The biggest twist, however, is not in the claims. It is in the contradictions.
The district police maintain that no such gang exists. Yet references to "Musa gang" have surfaced in police records from the past. An old diary entry attributed to a then station in-charge describes an incident allegedly dated January 29, 2025, claiming 40-50 people entered the officer's chamber at night, abused him, threatened to get him removed, and that there was public discussion about them belonging to the "Musa gang." The entry even records the officer's fear that he could be killed at any time.
But the current Superintendent of Police, Dilip Soni, has dismissed the gang narrative outright. He says there is no such gang and that a year ago, an inspector wrote about it irresponsibly in the diary, after which action was taken.
The family cites "Musa gang" to explain the fear, while the police insist the gang itself is a myth. And that contradiction has become the beating heart of the controversy.
As the mystery deepens, political statements have started drifting in different directions -- each one seemingly designed to close the matter rather than answer it.
Rewa BJP MP Janardan Mishra claimed the MLA is simply on leave, suggesting everyone has a personal life and sometimes needs a break.

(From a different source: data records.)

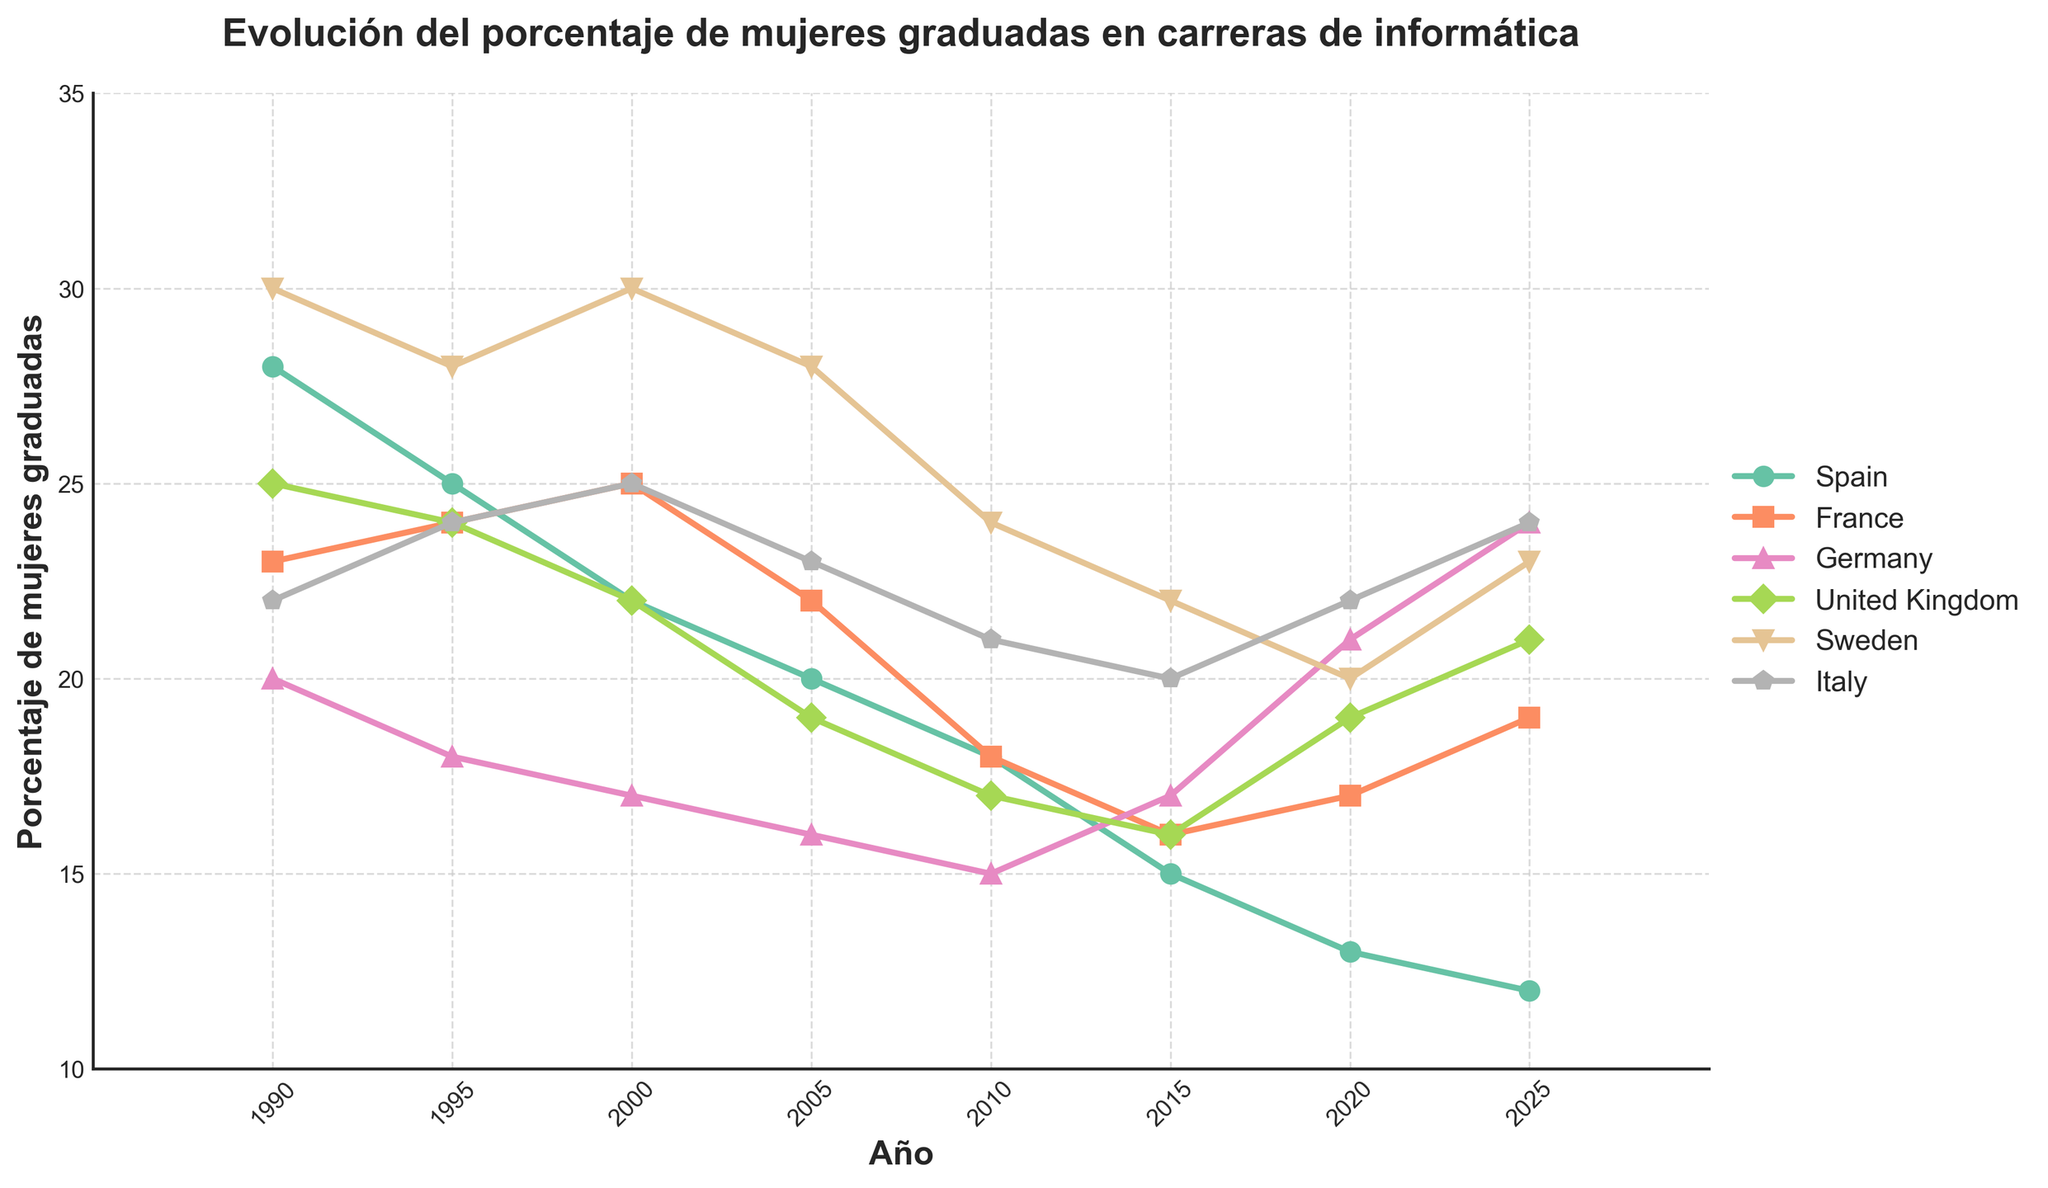¿Cuál fue el país con el mayor porcentaje de mujeres graduadas en informática en 1990? Observando la línea del año 1990 en el gráfico, el país con el porcentaje más alto es Suecia con un 30%.
Answer: Suecia ¿Entre 1990 y 2025, qué país mostró la mayor disminución en el porcentaje de mujeres graduadas en informática? Comparando las líneas desde 1990 hasta 2025, España pasó de 28% a 12%, lo que representa la mayor disminución.
Answer: España ¿Cuál es el porcentaje promedio de mujeres graduadas en informática en Italia durante el periodo mostrado? Sumamos los porcentajes de Italia (22, 24, 25, 23, 21, 20, 22, 24) y luego dividimos entre el número de puntos (8). El cálculo es (22+24+25+23+21+20+22+24) / 8 = 22.625.
Answer: 22.625% En el año 2020, ¿qué país tenía el menor porcentaje de mujeres graduadas en informática? Revisando el gráfico para el año 2020, el país con el valor más bajo es España con un 13%.
Answer: España ¿Cómo se compara la tendencia de Francia con la de Alemania entre 1990 y 2025? Francia muestra una tendencia fluctuante pero ligeramente ascendente, mientras que la tendencia de Alemania es ascendente y más pronunciada. Francia comienza en 23% y termina en 19%, mientras que Alemania aumenta de 20% a 24%.
Answer: Alemania muestra una mayor subida ¿Cuál fue el cambio en el porcentaje de mujeres graduadas en informática en Suecia entre 1990 y 2025? En 1990, Suecia tenía un 30% y en 2025 un 23%. El cambio es 30% - 23% = 7%.
Answer: Disminución de 7% En 2015, ¿qué país tenía un porcentaje superior al de Suecia? En 2015, Francia (16%), Alemania (17%), Reino Unido (16%) e Italia (20%) están por debajo o igual que Suecia (22%), por lo que ninguno tiene un porcentaje superior.
Answer: Ninguno ¿Cuál es la diferencia promedio en el porcentaje de graduadas entre España y Reino Unido a lo largo de los años graficados? Restamos los valores respectivos de España y Reino Unido para cada año: (28-25, 25-24, 22-22, 20-19, 18-17, 15-16, 13-19, 12-21) = (3, 1, 0, 1, 1, -1, -6, -9). Luego promediamos estas diferencias: (3+1+0+1+1-1-6-9) / 8 = -1.375.
Answer: -1.375% De 1990 a 2010, ¿qué país experimentó menos variación en el porcentaje de mujeres graduadas en informática? Calculamos la diferencia máxima y mínima en cada país durante este periodo. Suecia varía de 30% a 24%, España de 28% a 18%, Francia de 23% a 18%, Alemania de 20% a 15%, Reino Unido de 25% a 17%, e Italia de 22% a 21%. La menor variación es Italia, con un cambio de solo 2%.
Answer: Italia 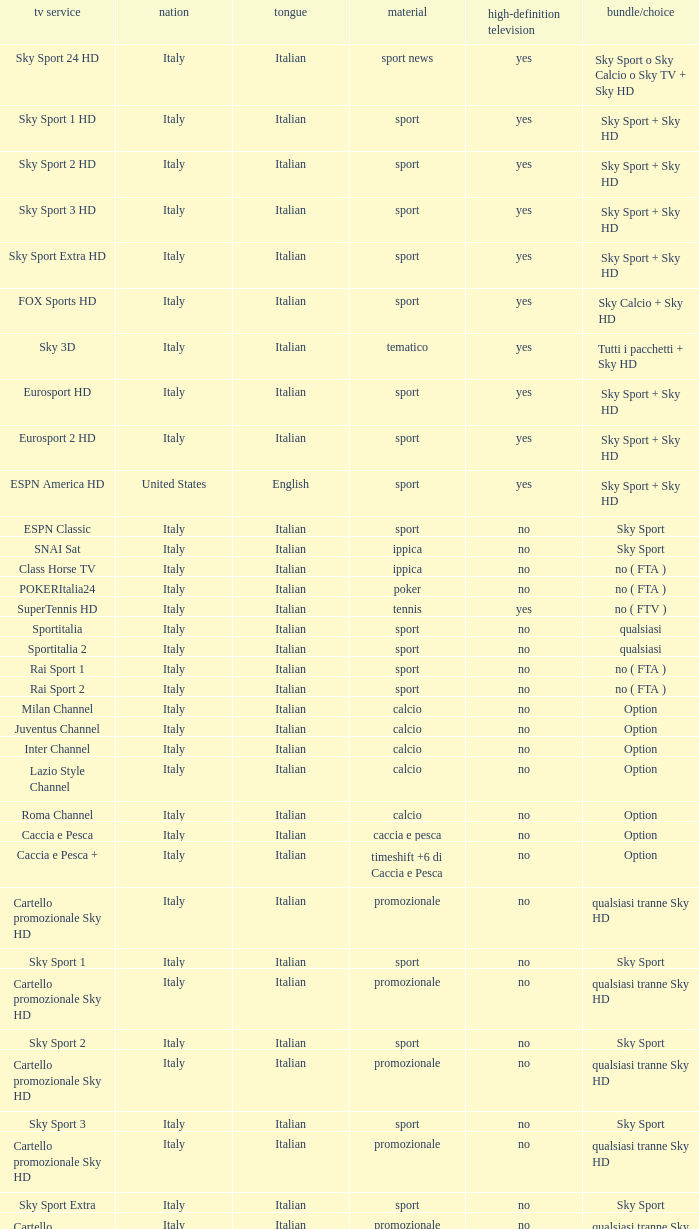What is Package/Option, when Content is Poker? No ( fta ). 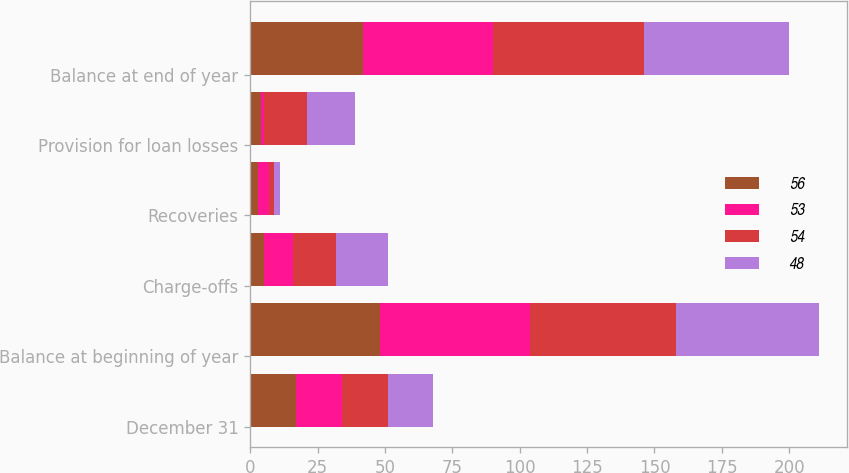Convert chart to OTSL. <chart><loc_0><loc_0><loc_500><loc_500><stacked_bar_chart><ecel><fcel>December 31<fcel>Balance at beginning of year<fcel>Charge-offs<fcel>Recoveries<fcel>Provision for loan losses<fcel>Balance at end of year<nl><fcel>56<fcel>17<fcel>48<fcel>5<fcel>3<fcel>4<fcel>42<nl><fcel>53<fcel>17<fcel>56<fcel>11<fcel>4<fcel>1<fcel>48<nl><fcel>54<fcel>17<fcel>54<fcel>16<fcel>2<fcel>16<fcel>56<nl><fcel>48<fcel>17<fcel>53<fcel>19<fcel>2<fcel>18<fcel>54<nl></chart> 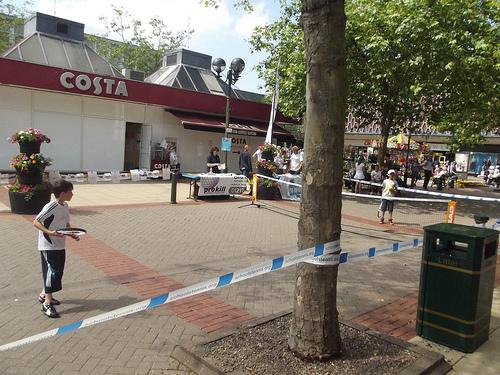Question: what is the color of the bark on the tree?
Choices:
A. Gray.
B. Red-Orange.
C. Brown.
D. Green.
Answer with the letter. Answer: C Question: what material is the surface the boy is standing on?
Choices:
A. Concrete.
B. Asphalt.
C. Brick.
D. Gravel.
Answer with the letter. Answer: C Question: where was this image taken?
Choices:
A. In the alley.
B. Downtown.
C. By the corner store.
D. On the street.
Answer with the letter. Answer: D 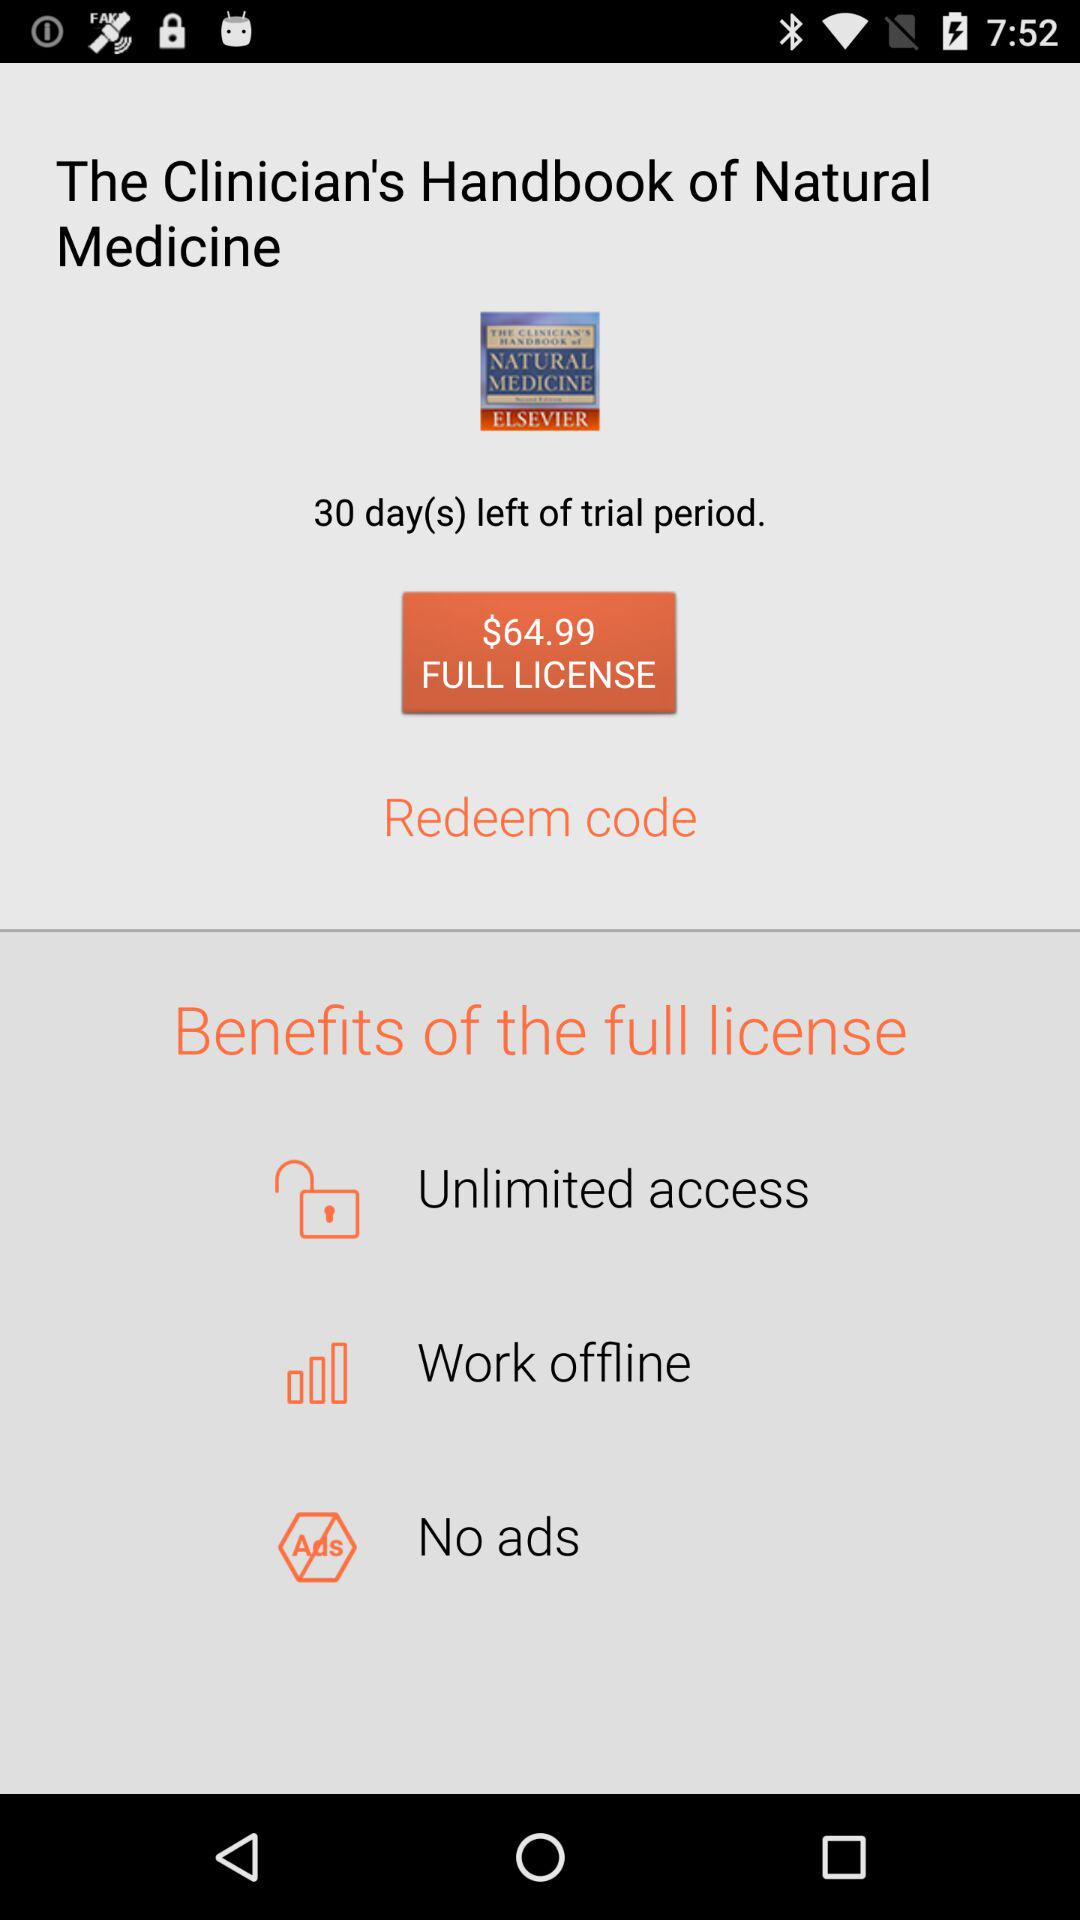How much is the full license?
Answer the question using a single word or phrase. $64.99 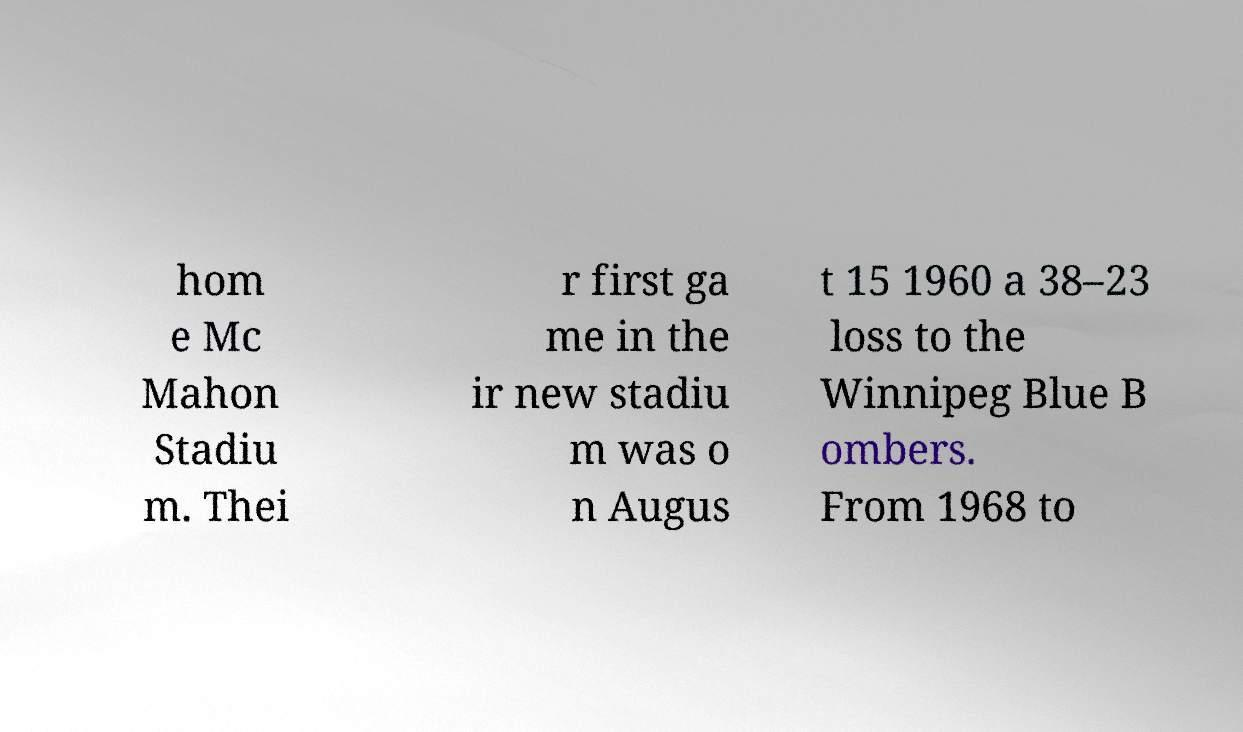Can you accurately transcribe the text from the provided image for me? hom e Mc Mahon Stadiu m. Thei r first ga me in the ir new stadiu m was o n Augus t 15 1960 a 38–23 loss to the Winnipeg Blue B ombers. From 1968 to 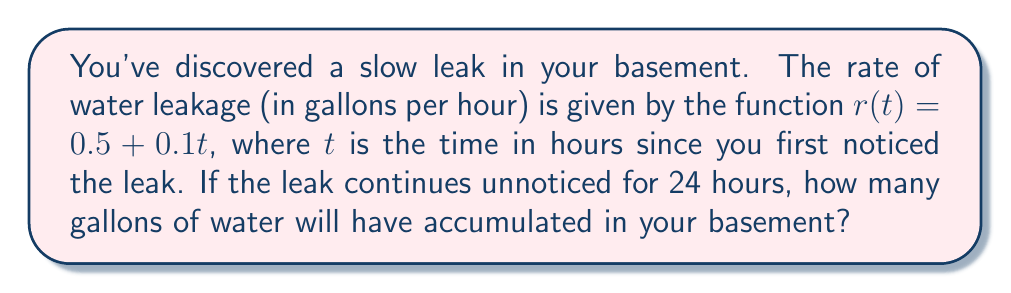Give your solution to this math problem. To solve this problem, we need to calculate the total volume of water leaked over the 24-hour period. This can be done using an integral.

1) The rate of leakage $r(t)$ is given as a function of time:
   $r(t) = 0.5 + 0.1t$ gallons/hour

2) To find the total volume, we need to integrate this rate over the given time period:
   $V = \int_0^{24} r(t) dt$

3) Substituting the function:
   $V = \int_0^{24} (0.5 + 0.1t) dt$

4) We can split this into two integrals:
   $V = \int_0^{24} 0.5 dt + \int_0^{24} 0.1t dt$

5) Integrating:
   $V = 0.5t \big|_0^{24} + 0.05t^2 \big|_0^{24}$

6) Evaluating the limits:
   $V = (0.5 \cdot 24 - 0.5 \cdot 0) + (0.05 \cdot 24^2 - 0.05 \cdot 0^2)$

7) Simplifying:
   $V = 12 + 28.8 = 40.8$

Therefore, 40.8 gallons of water will have accumulated in your basement after 24 hours.
Answer: 40.8 gallons

State minister Radha Singh said the MLA is on a pilgrimage and asserted that Chief Minister Mohan Yadav knows where he is, adding that if he were truly missing, the government would be facing protests. The Opposition, meanwhile, has seized the moment to attack the government on law and order, Leader of opposition Uman Singhar argued that if a ruling-party MLA feels unsafe, the condition of ordinary citizens can only be worse.
The question, however, refuses to die because it is not just about an MLA's absence, but about a fear story that has gripped an entire town and a political system that appears unwilling to offer a single, verifiable answer.
Is the Musa gang real, or is there another story behind the "missing MLA"? The answer will come only when Pradeep Patel himself appears publicly and explains where he has been and why a month of silence was considered safer than a formal complaint.